Imagine the hours that you gonna save replicating the HDDs...
Hope that helps

 

[hjahmad]

yeah i think one of the guys i work with had tried that using acronis. i think it worked to some extent but also not all our machines are sonys or dells. we have some proprietary hardware machines which the HDs can not be removed or reformatted. if they are changed or damaged in anyway, they need to be sent back to the machine manufacturer for around $700 per 80 drive. and we dont want to spend that money. so for those machines, i am trying to get this script to go.
just for my own curiosity though, what is Active@ Disk Image?
thanks
ps, anyone got any ideas on the scripting?

 

[canivari]

yeah i think one of the guys i work with had tried that using acronis. i think it worked to some extent but also not all our machines are sonys or dells. we have some proprietary hardware machines which the HDs can not be removed or reformatted. if they are changed or damaged in anyway, they need to be sent back to the machine manufacturer for around $700 per 80 drive. and we dont want to spend that money. so for those machines, i am trying to get this script to go.
just for my own curiosity though, what is Active@ Disk Image?
thanks
ps, anyone got any ideas on the scripting?

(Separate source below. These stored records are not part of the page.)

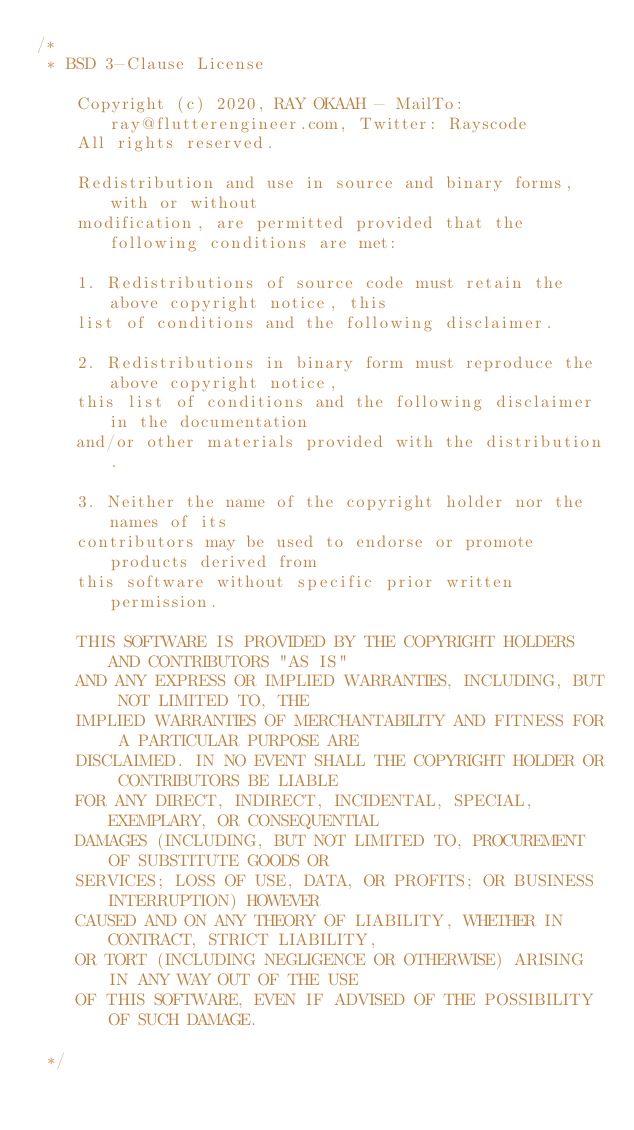<code> <loc_0><loc_0><loc_500><loc_500><_Dart_>/*
 * BSD 3-Clause License

    Copyright (c) 2020, RAY OKAAH - MailTo: ray@flutterengineer.com, Twitter: Rayscode
    All rights reserved.

    Redistribution and use in source and binary forms, with or without
    modification, are permitted provided that the following conditions are met:

    1. Redistributions of source code must retain the above copyright notice, this
    list of conditions and the following disclaimer.

    2. Redistributions in binary form must reproduce the above copyright notice,
    this list of conditions and the following disclaimer in the documentation
    and/or other materials provided with the distribution.

    3. Neither the name of the copyright holder nor the names of its
    contributors may be used to endorse or promote products derived from
    this software without specific prior written permission.

    THIS SOFTWARE IS PROVIDED BY THE COPYRIGHT HOLDERS AND CONTRIBUTORS "AS IS"
    AND ANY EXPRESS OR IMPLIED WARRANTIES, INCLUDING, BUT NOT LIMITED TO, THE
    IMPLIED WARRANTIES OF MERCHANTABILITY AND FITNESS FOR A PARTICULAR PURPOSE ARE
    DISCLAIMED. IN NO EVENT SHALL THE COPYRIGHT HOLDER OR CONTRIBUTORS BE LIABLE
    FOR ANY DIRECT, INDIRECT, INCIDENTAL, SPECIAL, EXEMPLARY, OR CONSEQUENTIAL
    DAMAGES (INCLUDING, BUT NOT LIMITED TO, PROCUREMENT OF SUBSTITUTE GOODS OR
    SERVICES; LOSS OF USE, DATA, OR PROFITS; OR BUSINESS INTERRUPTION) HOWEVER
    CAUSED AND ON ANY THEORY OF LIABILITY, WHETHER IN CONTRACT, STRICT LIABILITY,
    OR TORT (INCLUDING NEGLIGENCE OR OTHERWISE) ARISING IN ANY WAY OUT OF THE USE
    OF THIS SOFTWARE, EVEN IF ADVISED OF THE POSSIBILITY OF SUCH DAMAGE.

 */
</code>

Take a look in Active@ Disk Image here:

http://www.disk-image.net/

 

[hjahmad]

maybe there is a way to use a flash drive to import all the computers settings onto a computer? without hd replication or imaging?

 

[canivari]

maybe there is a way to use a flash drive to import all the computers settings onto a computer? without hd replication or imaging?

Yes..i think so..
You can get an USB external case for the HDDs and download a copy of live XP..create 2 partitions in a disk (in one put the live xp to boot and the second partition to have the image from the source disk.
You could boot from live xp,install the Active@ Disk Image and transfer
the image from the other partition to the HDD inside of the computer..
Well to respond to your earlier anwser..yes there is two ways of doing it (one with AD) and the other you could try Files and settings transfer wizard that comes with XP.
To acess that select start,
-run
-migwiz.exe
-hit enter
-choose the files that you want to backup and copy them to a PEN (remember that the pen got to be formatted in NTFS or else you will
lose NTFS permisions!)
Install normally a new computer with XP and run the migwiz.exe again in there and import the files.
Hope that helps

 

[hjahmad]

i might use that for myself, but i meant something that could just send and change the settings of an already installed xp system without having to do any of this kind of stuff.
kinda like doing a transfer of settings when getting a new computer or something. but with every little thing. permissions, accounts, security, etc.

 

[canivari]

i might use that for myself, but i meant something that could just send and change the settings of an already installed xp system without having to do any of this kind of stuff.
kinda like doing a transfer of settings when getting a new computer or something. but with every little thing. permissions, accounts, security, etc.

Well the files and permissions (that are atached with the files it self, yes its possible) but user accounts and security dont think so..At least that i know of.